Mit sonorer Stimme stimmt der südkoreanische Bassist Hyunho Yoo das Gloria aus der Missa Longa von Wolfgang Amadeus Mozart an. Die drei weiteren Solisten und der Chor begleiten ihn. Die bezaubernde Stimme von Alexandra Vildosola ist mit innigem Ausdruck in „O Maria, virgo pia“ zu hören. Es ist ein überzeugender Lobpreis der Gottesmuster und zugleich ein flehentliches Gebet.

Zwischendurch leitet Jürgen Streit mit Informationen zu den nächsten Kompositionen über und liest besinnliche Texte zum Advent. Da darf Heiteres durchaus nicht fehlen, etwa wie ein Hirtenbub in einer Erzählung von Karl Heinrich Waggerl das Jesuskind tröstete, indem er ihm dessen kleinen Daumen in den Mund schob.

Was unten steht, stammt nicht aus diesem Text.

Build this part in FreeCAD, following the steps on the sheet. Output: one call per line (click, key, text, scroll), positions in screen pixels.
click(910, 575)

Gewissermaßen ein Ohrwurm ist das „Air“ aus der Orchestersuite Nr.3 von Johann Sebastian Bach. Zart und schwebend erfüllt die Musik den Kirchenraum. Mit dezenter Begleitung auf der Truhenorgel fordert dann der Tenor Andreas Kalmbach: „Alle Tale macht hoch erhaben“ aus dem Oratorium „Der Messias“ von Georg Friedrich Händel, einem Zeitgenossen von Johann Sebastian Bach. Händel hat dieses gewaltige Werk in nur 24 Tagen bei seinem Aufenthalt in Irland geschrieben. Am 13. April 1742 wurde es in Dublin uraufgeführt. Auch die weiteren Darbietungen entstammen dem gleichen Oratorium, wie etwa der Choral „Denn die Herrlichkeit Gottes des Herrn“ oder „Hoch tut euch auf“, zwei wahrlich herrliche Gesänge. Als harmonisches Duett interpretieren Alexandra Vildosola und Susanne Veeh die tröstliche Arie „Er weidet seine Herde“. Dann ist es erneut die kräftige Bassstimme von Hyunho Yoo, die diesmal „Sie schallt, die Posaun“ anstimmt und die Auferstehung verheißt. Trompeten ersetzen, durchaus gelungen, die Posaunen.

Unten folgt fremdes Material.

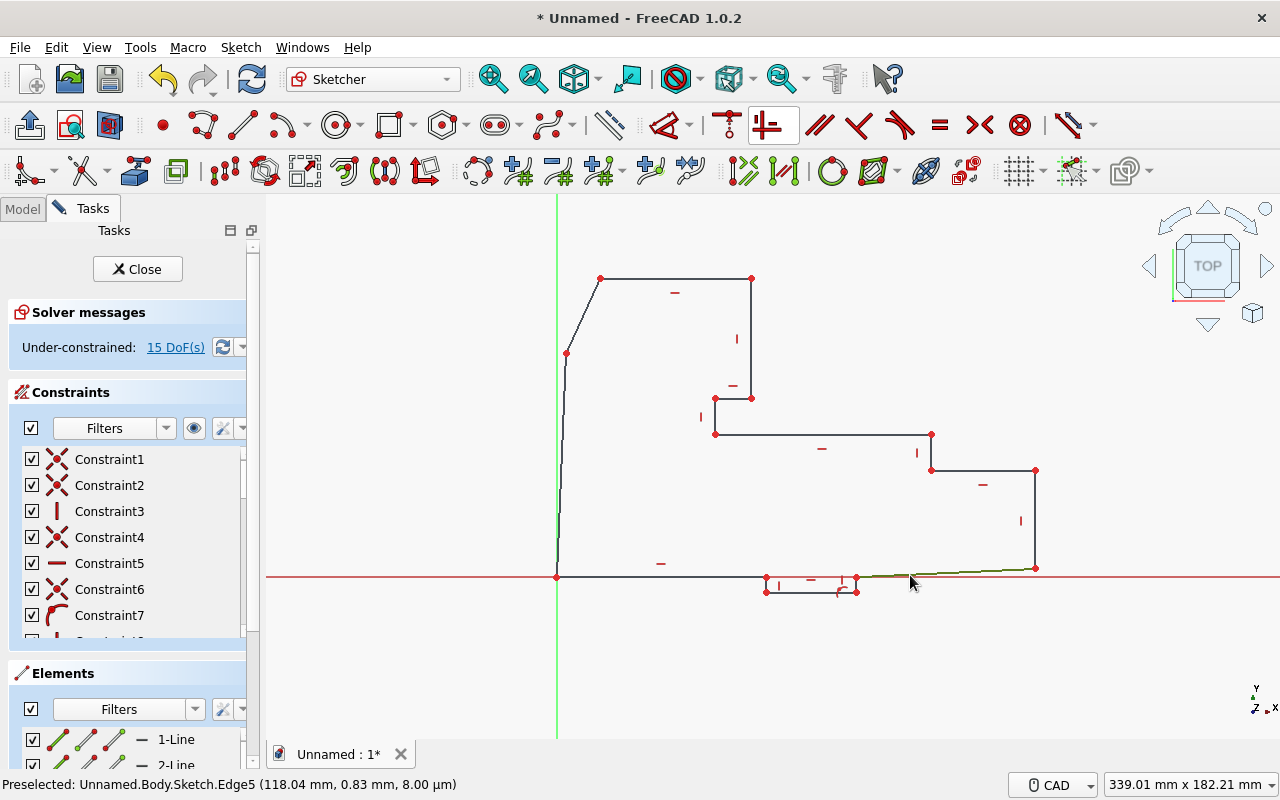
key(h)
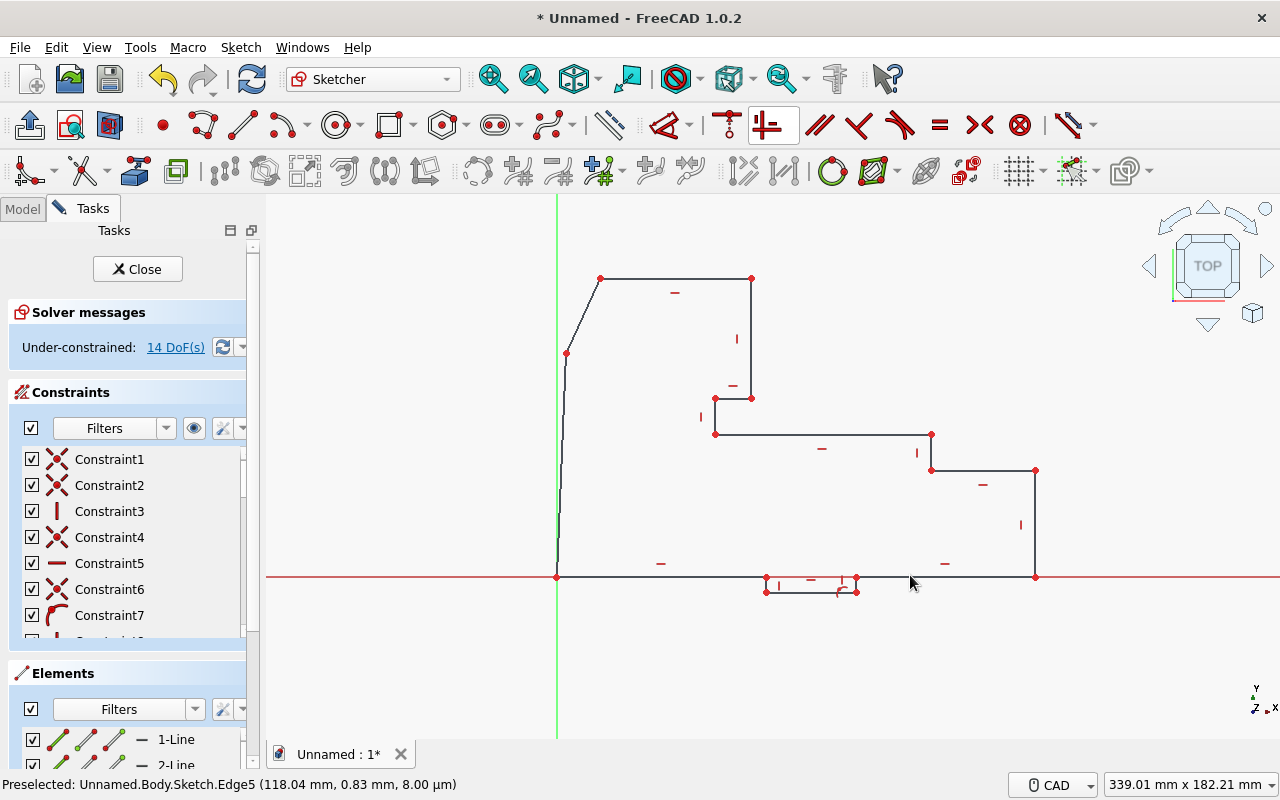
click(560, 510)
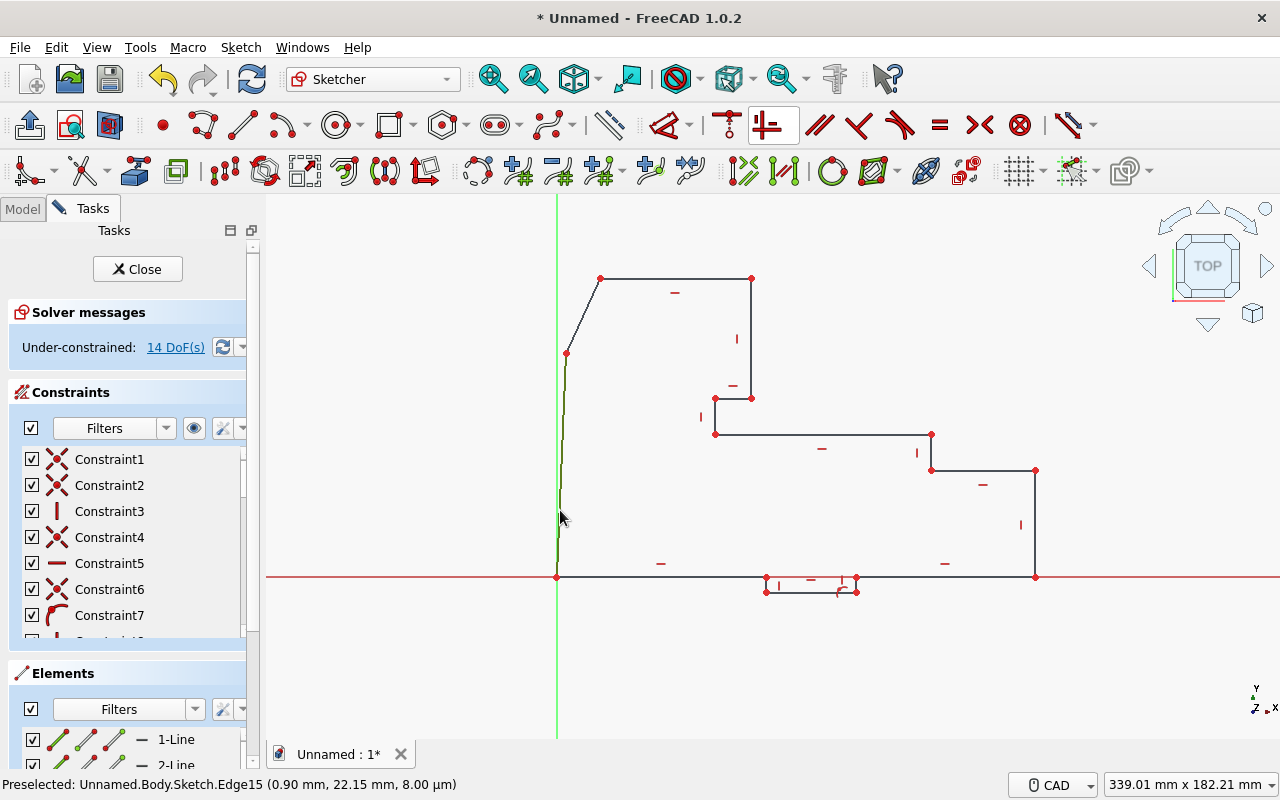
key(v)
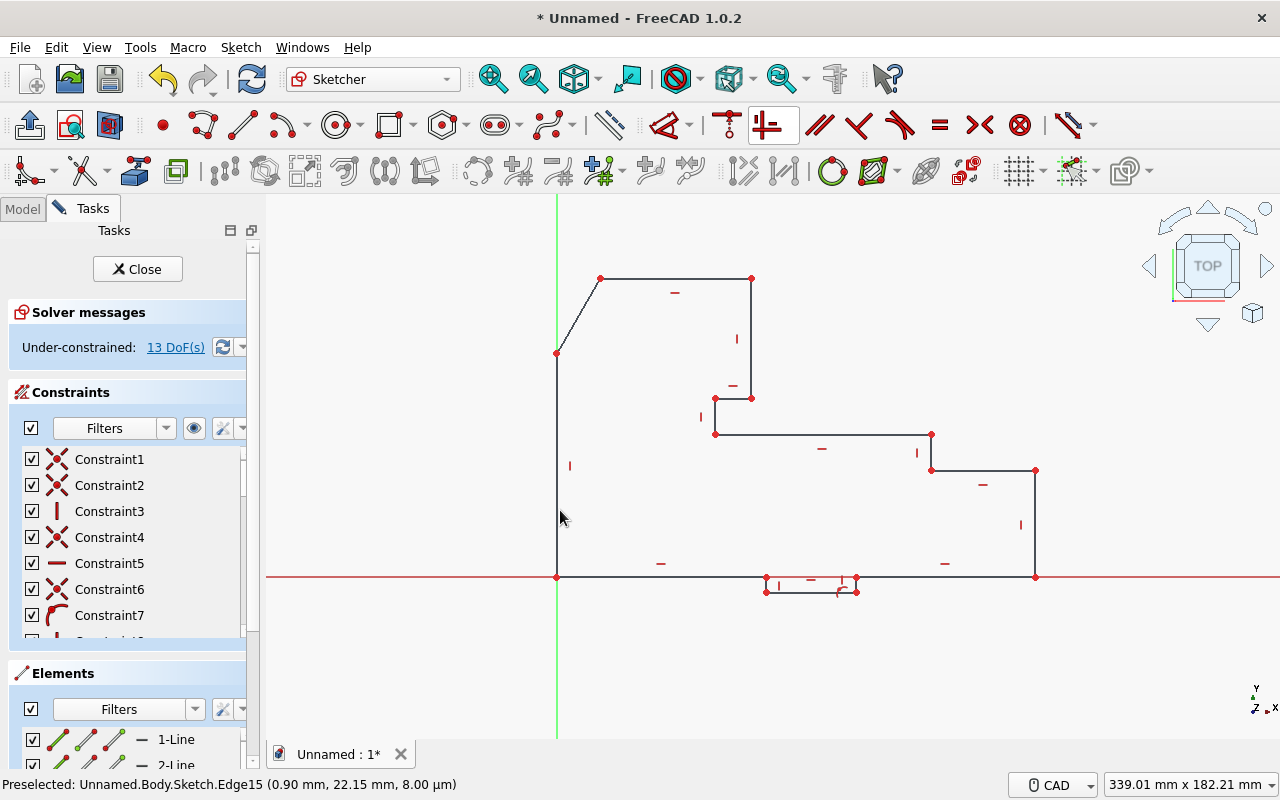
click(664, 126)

Den krönenden Abschluss bildet der Schlusschor des zweiten Teils des dreiteiligen „Messias“, das weltberühmte, mächtige Halleluja. Händel hat es 1741 dem Messias hinzugefügt. Es wird berichtet, dass König Georg II. beim ersten Hören des Chors so ergriffen war, dass er aufsprang und im Stehen zuhörte, was alle anderen dazu veranlasste, seinem Beispiel zu folgen. In vielen Ländern wird dieser Brauch heute noch gepflegt.

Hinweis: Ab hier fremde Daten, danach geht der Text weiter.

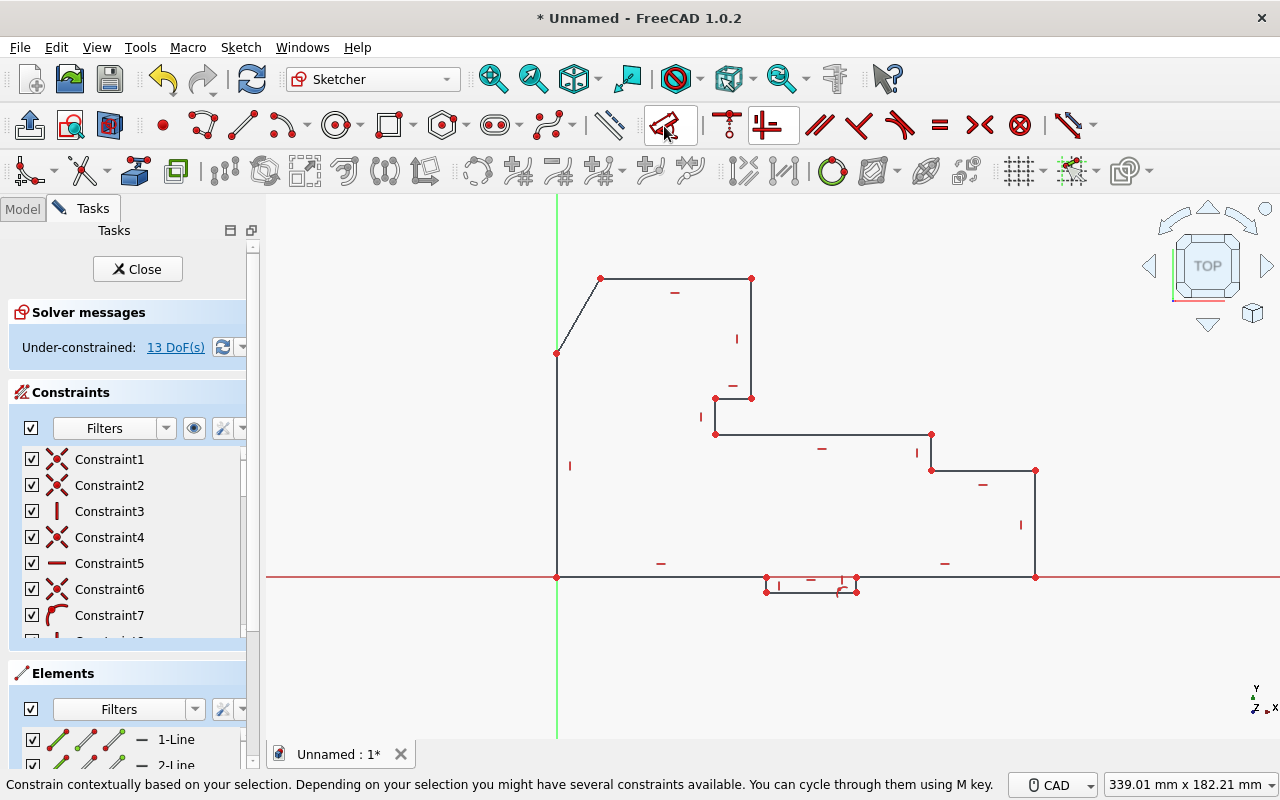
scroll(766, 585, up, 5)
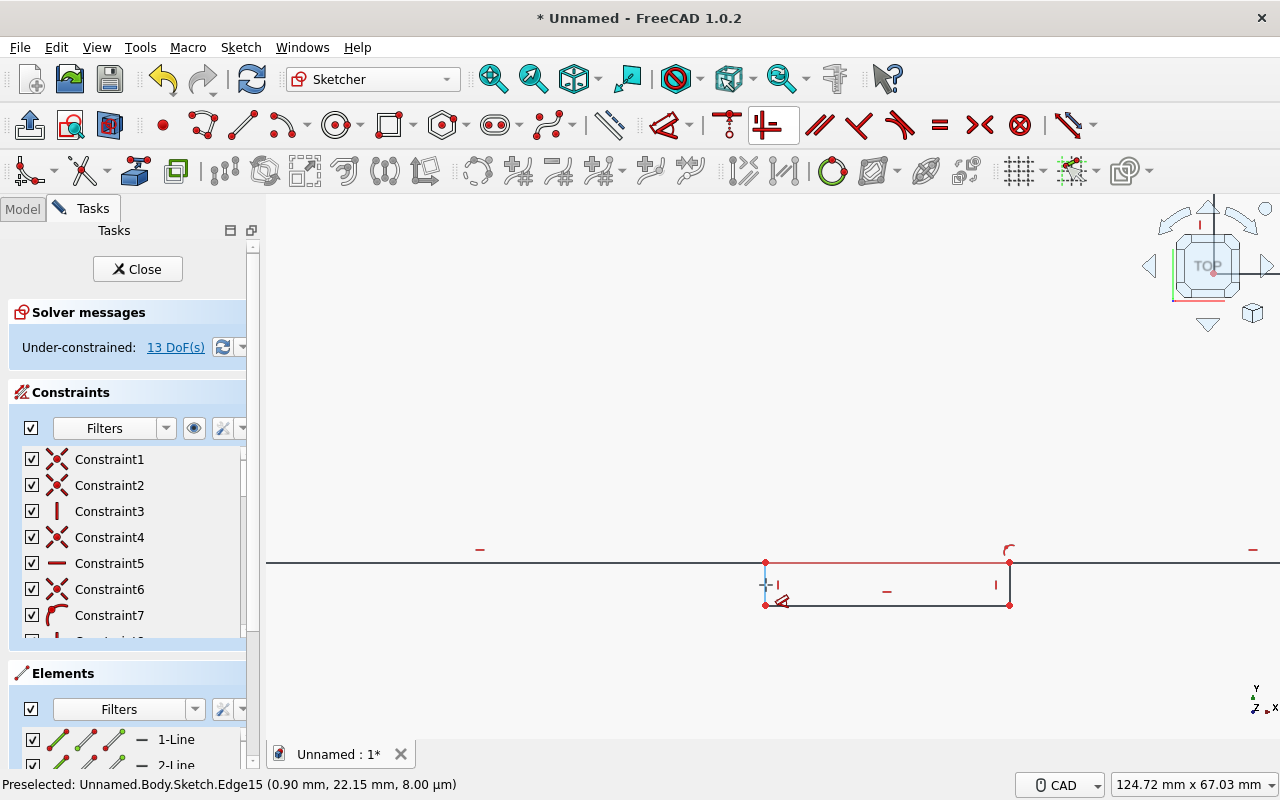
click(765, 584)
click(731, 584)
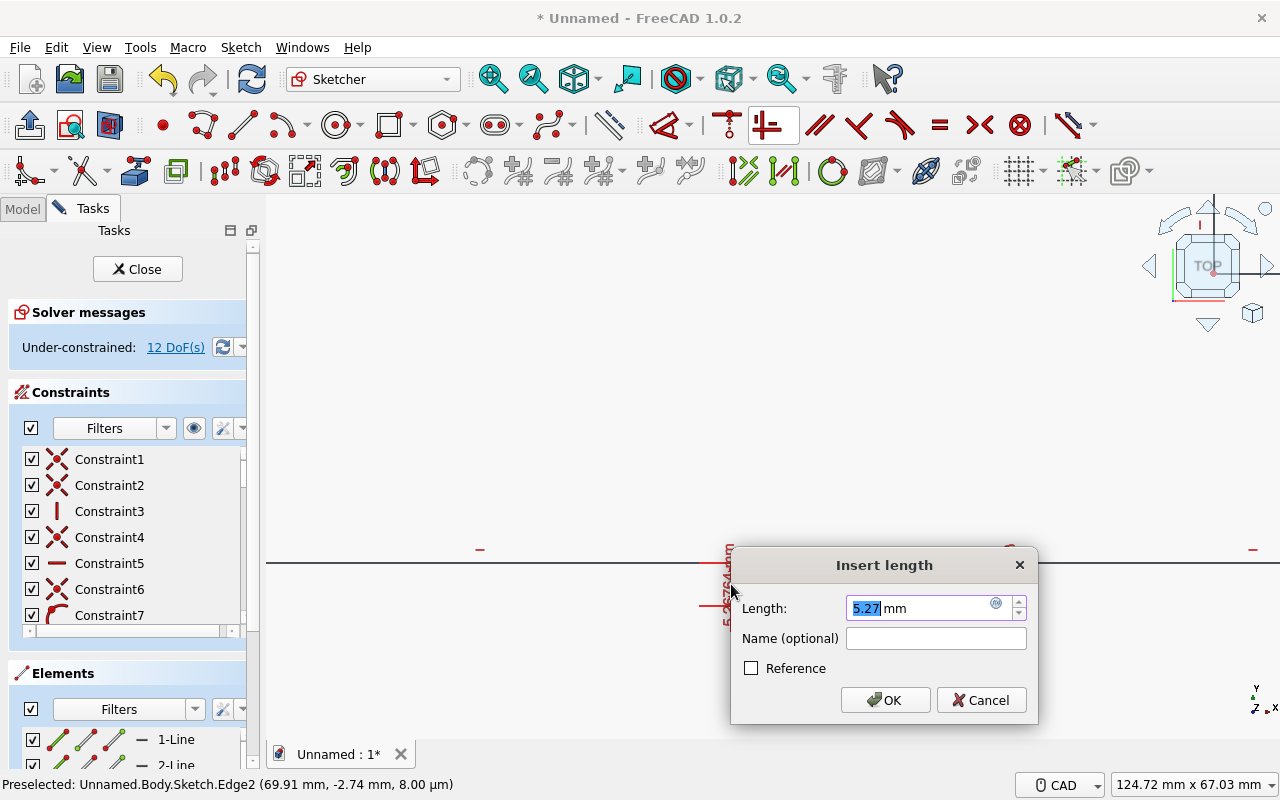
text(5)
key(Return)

Lange anhaltender, stehender Applaus des ergriffenen und begeisterten Publikums brandet auf. Da geht es nicht ohne Zugabe ab. Zart und innig erklingt „Stille Nacht“. Pfarrer Schierl spricht den Sängern und Instrumentalisten, insbesondere auch dem Chorleiter Franz Stengl, Dank und Anerkennung für dieses gelungene Konzert aus. Und weil der Applaus abermals aufbrandet, gibt es als zweite Zugabe noch einmal das „Halleluja“.